Reduced allergic lung inflammation and airway responsiveness in mice lacking the cytoskeletal protein gelsolin

Maya Mikami, Gene T. Yocum, Nicola M. Heller, Charles W. Emala

Research output: Contribution to journalArticlepeer-review


Airway smooth muscle hyperresponsiveness associated with chronic airway inflammation leads to the typical symptoms of asthma including bronchoconstriction and wheezing. Asthma severity is associated with airway inflammation; therefore, reducing airway inflammation is an important therapeutic target. Gelsolin is an actin capping and severing protein that has been reported to be involved in modulation of the inflammatory response.

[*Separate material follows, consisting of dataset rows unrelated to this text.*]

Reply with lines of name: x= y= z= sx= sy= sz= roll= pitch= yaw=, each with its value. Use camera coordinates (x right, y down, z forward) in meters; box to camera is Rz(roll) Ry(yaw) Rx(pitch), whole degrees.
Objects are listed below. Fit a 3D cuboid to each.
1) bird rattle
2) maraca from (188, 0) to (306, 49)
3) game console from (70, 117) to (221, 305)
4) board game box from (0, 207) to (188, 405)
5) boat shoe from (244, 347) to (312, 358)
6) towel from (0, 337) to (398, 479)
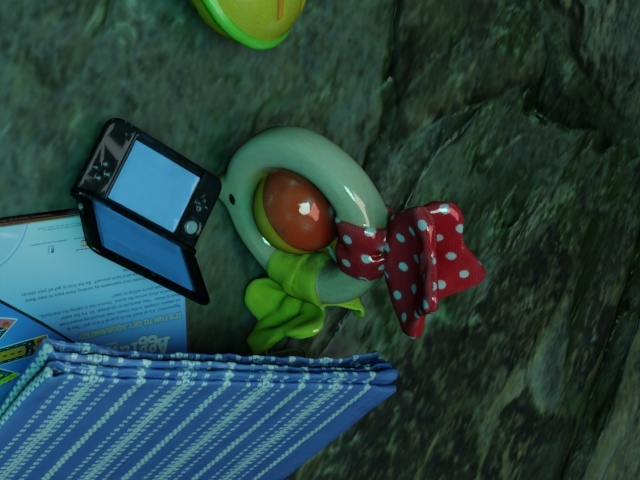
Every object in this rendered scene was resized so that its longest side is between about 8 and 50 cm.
bird rattle: x=0.000 y=0.000 z=0.789 sx=0.143 sy=0.253 sz=0.207 roll=-41 pitch=99 yaw=-29
maraca: x=-0.057 y=-0.241 z=0.769 sx=0.127 sy=0.099 sz=0.185 roll=37 pitch=51 yaw=-45
game console: x=-0.127 y=-0.023 z=0.742 sx=0.122 sy=0.071 sz=0.107 roll=32 pitch=79 yaw=-40
board game box: x=-0.232 y=0.053 z=0.736 sx=0.281 sy=0.027 sz=0.145 roll=-10 pitch=105 yaw=-38
boat shoe: x=-0.071 y=0.127 z=0.874 sx=0.153 sy=0.056 sz=0.048 roll=-17 pitch=116 yaw=-29
towel: x=-0.121 y=0.158 z=0.768 sx=0.336 sy=0.040 sz=0.243 roll=9 pitch=137 yaw=-41

Using mice genetically lacking gelsolin, we evaluated the role of gelsolin in the establishment of house dust mite (HDM) antigen-induced allergic lung inflammation. The genetic absence of gelsolin was found to be protective against HDM sensitization, resulting in reduced lung inflammation, inflammatory cytokines, and Muc5AC protein in bronchoalveolar lavage (BAL) fluid. The number of eosinophils, lymphocytes, and interstitial macrophages in the BAL were increased after HDM sensitization in wild-type mice but were attenuated in gelsolin-null mice. The observed attenuation of inflammation may be partly due to delayed migration of immune cells, because the reduced eosinophils in the BALs from gelsolin-null mice compared with controls occurred despite similar amounts of the chemoattractant eotaxin. Splenic T cells demonstrated similar proliferation rates, but ex vivo alveolar macrophage migration was delayed in gelsolin-null mice. In vivo, the reduced lung inflammation after HDM sensitization in gelsolin-null mice was associated with significantly diminished airway resistance to inhaled methacholine compared with HDM-treated wild-type mice. Our results suggest that modulation of gelsolin expression or function in selective inflammatory cell types that modulate allergic lung inflammation could be a therapeutic approach for asthma.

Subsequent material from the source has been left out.